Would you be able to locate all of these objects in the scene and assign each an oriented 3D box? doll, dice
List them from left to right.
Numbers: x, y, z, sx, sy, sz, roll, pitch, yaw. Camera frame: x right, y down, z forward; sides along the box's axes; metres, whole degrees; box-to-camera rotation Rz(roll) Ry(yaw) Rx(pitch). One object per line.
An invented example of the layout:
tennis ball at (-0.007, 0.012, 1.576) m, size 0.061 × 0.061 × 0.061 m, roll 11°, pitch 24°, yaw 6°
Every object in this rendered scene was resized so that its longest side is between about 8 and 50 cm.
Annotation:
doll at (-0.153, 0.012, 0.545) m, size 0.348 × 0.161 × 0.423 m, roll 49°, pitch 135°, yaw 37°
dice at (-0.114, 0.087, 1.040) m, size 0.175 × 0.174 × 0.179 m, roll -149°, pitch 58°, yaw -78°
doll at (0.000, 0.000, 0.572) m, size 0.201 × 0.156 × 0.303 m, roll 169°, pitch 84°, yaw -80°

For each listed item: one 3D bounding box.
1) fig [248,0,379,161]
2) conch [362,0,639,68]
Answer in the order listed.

- - -

#### [The problem]
Give back, exactly as written, the stretch from the line with "Every object in" through the line with "2) conch [362,0,639,68]", and no other lines from the records above.

#### [Expected output]
Every object in this rendered scene was resized so that its longest side is between about 8 and 50 cm.
Annotation:
doll at (-0.153, 0.012, 0.545) m, size 0.348 × 0.161 × 0.423 m, roll 49°, pitch 135°, yaw 37°
dice at (-0.114, 0.087, 1.040) m, size 0.175 × 0.174 × 0.179 m, roll -149°, pitch 58°, yaw -78°
doll at (0.000, 0.000, 0.572) m, size 0.201 × 0.156 × 0.303 m, roll 169°, pitch 84°, yaw -80°

For each listed item: one 3D bounding box.
1) fig [248,0,379,161]
2) conch [362,0,639,68]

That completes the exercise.